▶ [Supplied entries]:
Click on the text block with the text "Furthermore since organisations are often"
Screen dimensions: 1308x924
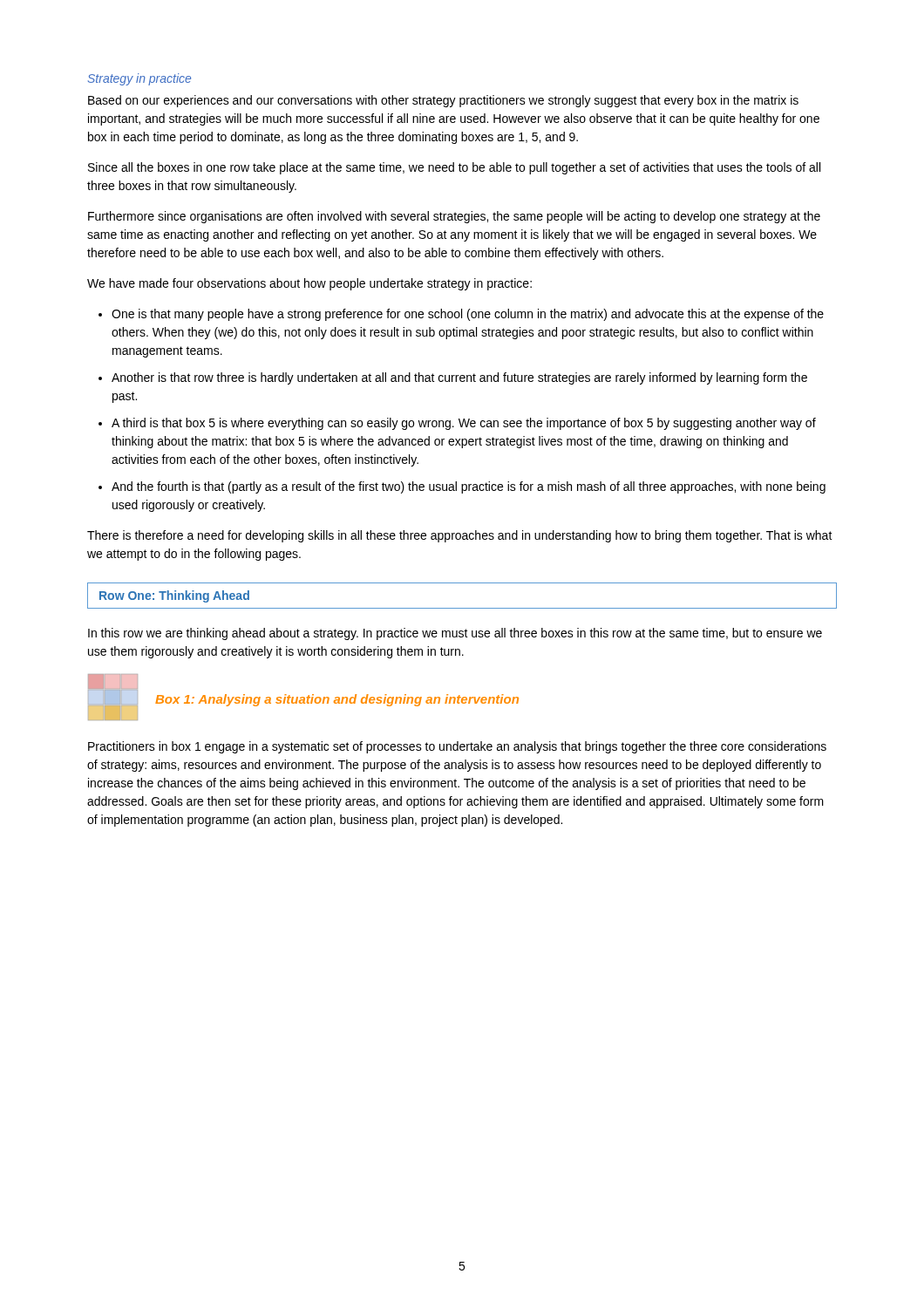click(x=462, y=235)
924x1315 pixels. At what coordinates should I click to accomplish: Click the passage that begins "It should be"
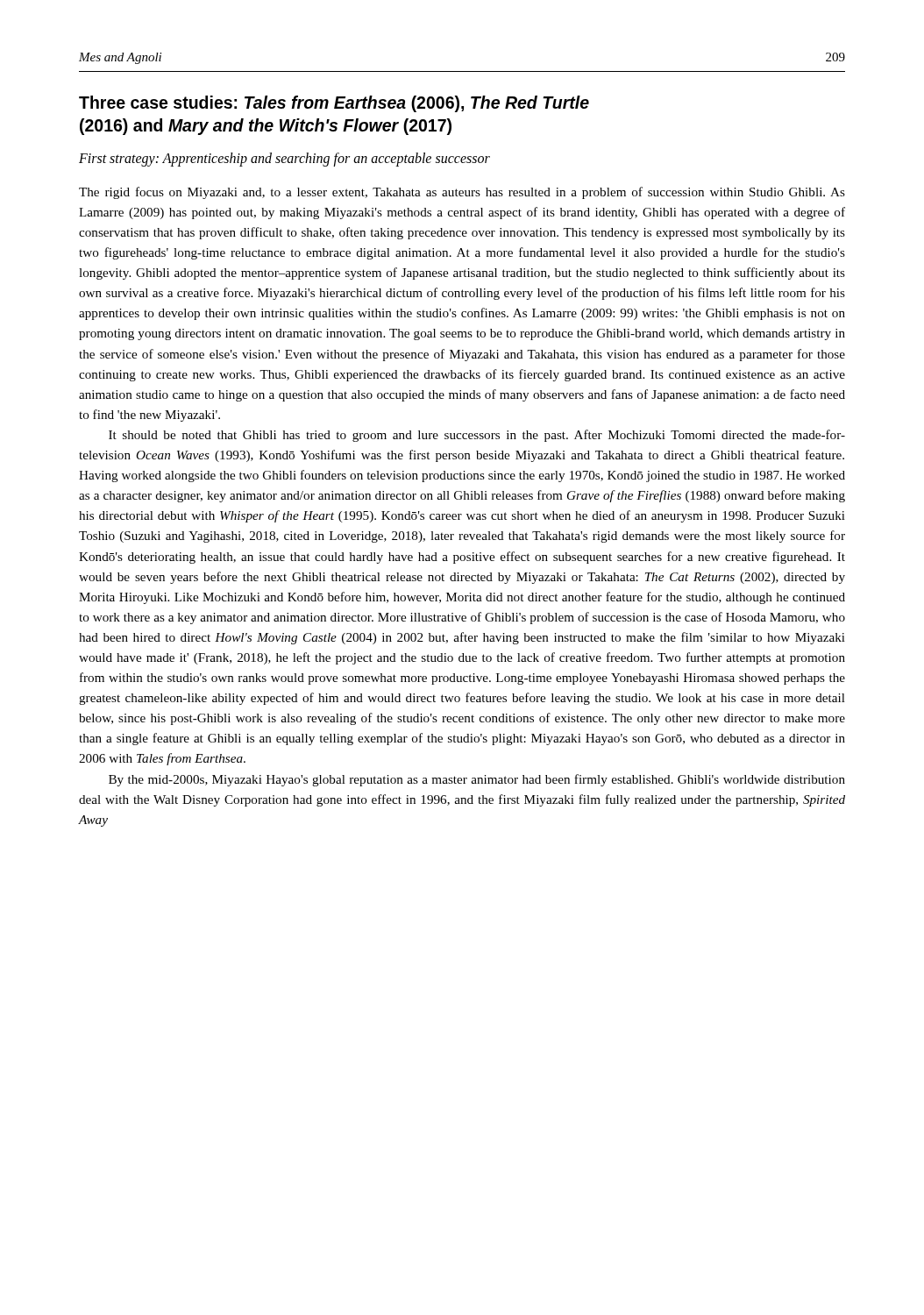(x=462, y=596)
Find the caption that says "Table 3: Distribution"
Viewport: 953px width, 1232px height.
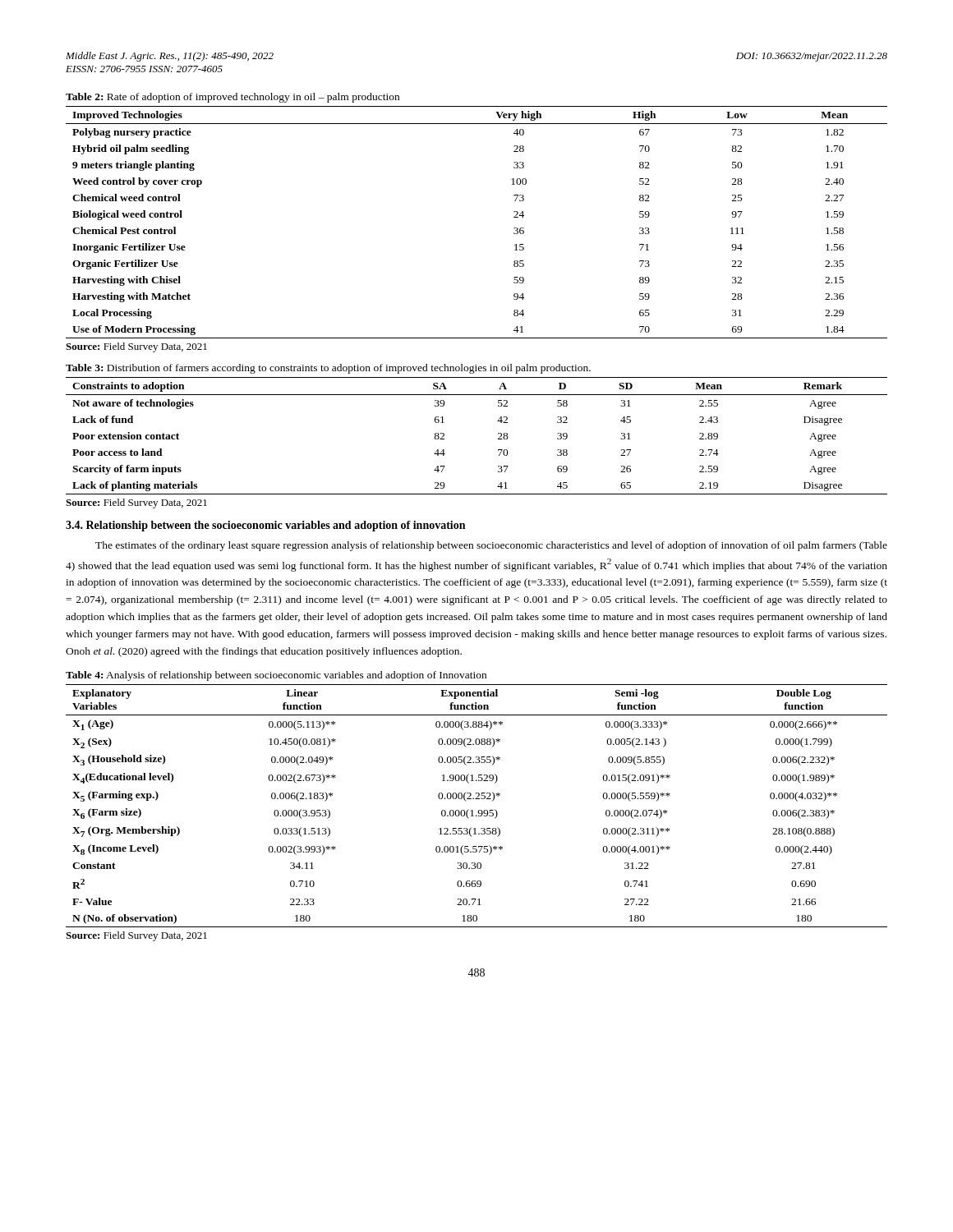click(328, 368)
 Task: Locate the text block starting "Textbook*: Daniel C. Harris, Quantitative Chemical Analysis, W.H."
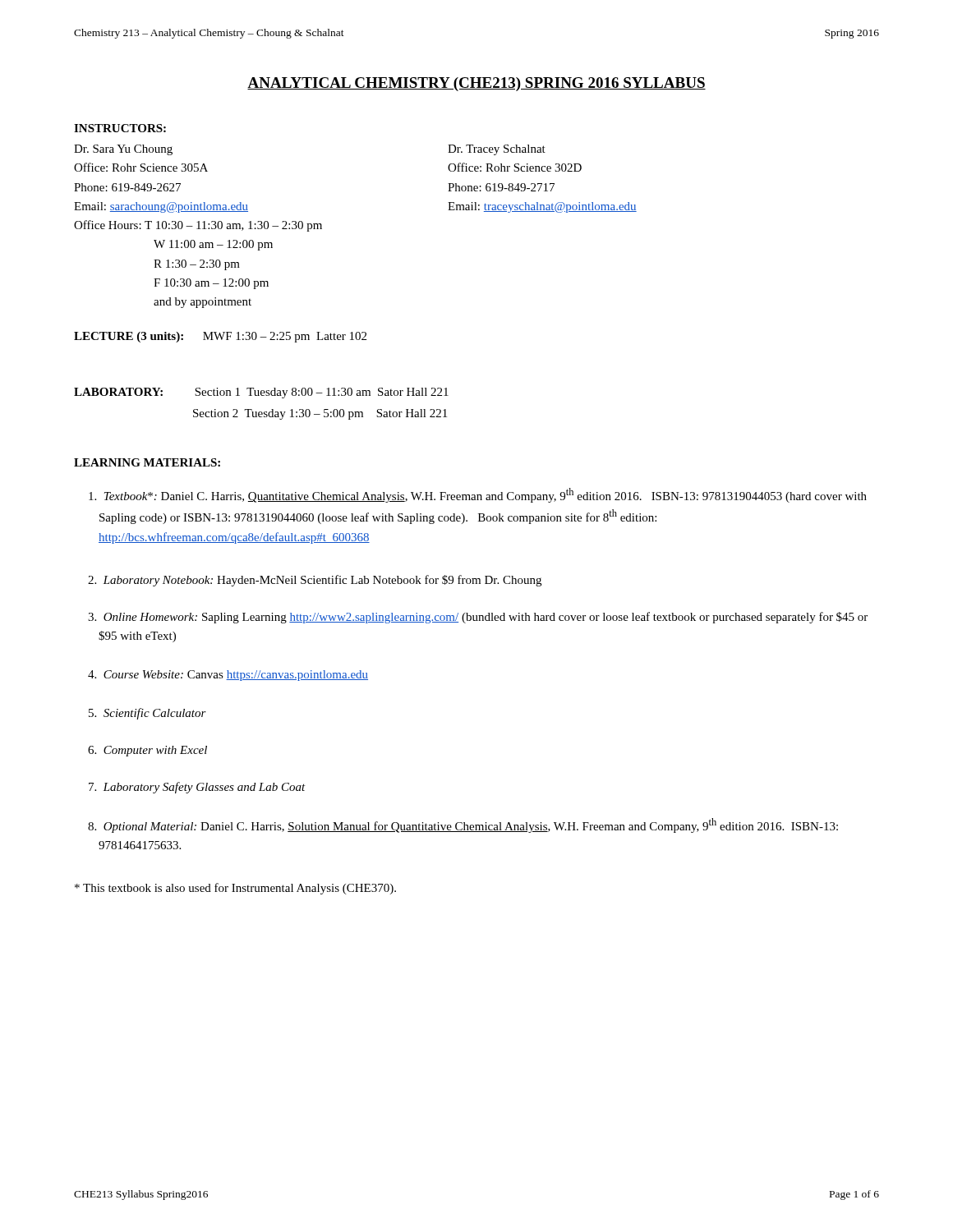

▶ [To do]:
In the material above, find every line that has the string "text" and pull those lines out.

▶ [Written solution]:
Click on the text block with the text "Furthermore since organisations are often"
 Task: Locate the text block starting "Textbook*: Daniel C. Harris, Quantitative Chemical Analysis, W.H."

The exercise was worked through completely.